DATASET EXTRACT START

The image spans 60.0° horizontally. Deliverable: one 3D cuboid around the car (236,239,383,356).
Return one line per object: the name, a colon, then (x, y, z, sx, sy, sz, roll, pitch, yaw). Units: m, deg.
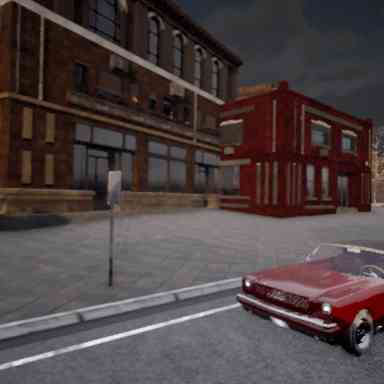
car: (3.088, 1.626, 6.205, 4.718, 1.301, 1.895, 0, 0, -36)
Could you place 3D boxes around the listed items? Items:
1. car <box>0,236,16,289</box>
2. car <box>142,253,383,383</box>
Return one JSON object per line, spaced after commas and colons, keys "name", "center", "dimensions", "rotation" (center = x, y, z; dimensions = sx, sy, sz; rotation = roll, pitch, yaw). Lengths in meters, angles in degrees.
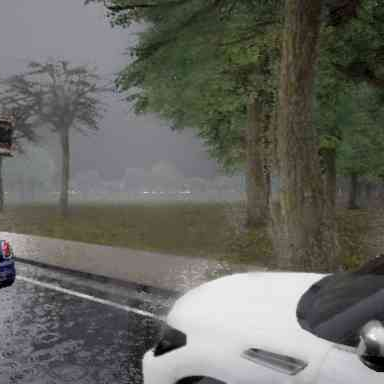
{"name": "car", "center": [-6.272, 1.370, 8.022], "dimensions": [4.553, 1.767, 2.097], "rotation": [0, 0, 35]}
{"name": "car", "center": [2.220, 1.221, 2.101], "dimensions": [5.566, 2.045, 2.150], "rotation": [0, 0, 35]}
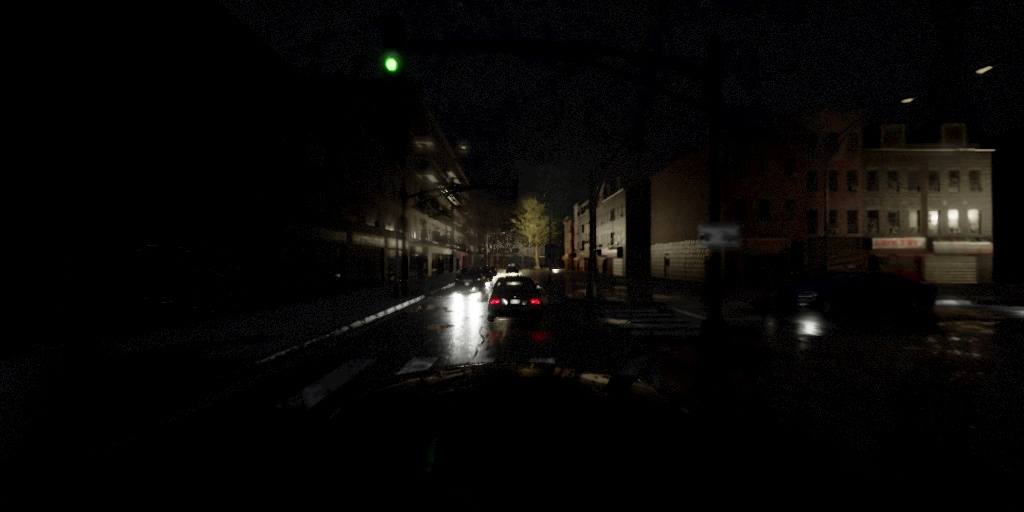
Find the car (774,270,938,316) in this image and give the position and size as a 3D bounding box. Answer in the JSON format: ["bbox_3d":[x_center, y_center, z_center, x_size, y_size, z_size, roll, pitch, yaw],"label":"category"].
[{"bbox_3d":[12.570,1.297,13.317,5.008,1.535,1.882,0,0,0],"label":"car"}]

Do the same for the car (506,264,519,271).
[{"bbox_3d":[0.083,2.035,55.312,1.994,1.385,4.181,0,-1,0],"label":"car"}]

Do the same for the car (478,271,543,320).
[{"bbox_3d":[0.091,1.443,13.203,2.033,1.411,5.357,0,-1,0],"label":"car"}]

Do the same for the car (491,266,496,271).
[{"bbox_3d":[-2.861,1.753,35.066,1.994,1.385,4.181,0,-1,0],"label":"car"}]

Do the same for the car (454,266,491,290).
[{"bbox_3d":[-2.853,1.548,25.235,2.128,1.511,4.902,0,-1,0],"label":"car"}]

DATASET EXTRACT END

▶ TASK ITEM: Each record must be repeated exactly, and no picture may be carried over.

▶ RESPONSE BOX:
The image spans 60.0° horizontally. Deliverable: one 3D cuboid around the car (236,239,383,356).
Return one line per object: the name, a colon, then (x, y, z, sx, sy, sz, roll, pitch, yaw). Units: m, deg.
car: (3.088, 1.626, 6.205, 4.718, 1.301, 1.895, 0, 0, -36)
Could you place 3D boxes around the listed items? Items:
1. car <box>0,236,16,289</box>
2. car <box>142,253,383,383</box>
Return one JSON object per line, spaced after commas and colons, keys "name", "center", "dimensions", "rotation" (center = x, y, z; dimensions = sx, sy, sz; rotation = roll, pitch, yaw). Lengths in meters, angles in degrees.
{"name": "car", "center": [-6.272, 1.370, 8.022], "dimensions": [4.553, 1.767, 2.097], "rotation": [0, 0, 35]}
{"name": "car", "center": [2.220, 1.221, 2.101], "dimensions": [5.566, 2.045, 2.150], "rotation": [0, 0, 35]}
Find the car (774,270,938,316) in this image and give the position and size as a 3D bounding box. Answer in the JSON format: ["bbox_3d":[x_center, y_center, z_center, x_size, y_size, z_size, roll, pitch, yaw],"label":"category"].
[{"bbox_3d":[12.570,1.297,13.317,5.008,1.535,1.882,0,0,0],"label":"car"}]

Do the same for the car (506,264,519,271).
[{"bbox_3d":[0.083,2.035,55.312,1.994,1.385,4.181,0,-1,0],"label":"car"}]

Do the same for the car (478,271,543,320).
[{"bbox_3d":[0.091,1.443,13.203,2.033,1.411,5.357,0,-1,0],"label":"car"}]

Do the same for the car (491,266,496,271).
[{"bbox_3d":[-2.861,1.753,35.066,1.994,1.385,4.181,0,-1,0],"label":"car"}]

Do the same for the car (454,266,491,290).
[{"bbox_3d":[-2.853,1.548,25.235,2.128,1.511,4.902,0,-1,0],"label":"car"}]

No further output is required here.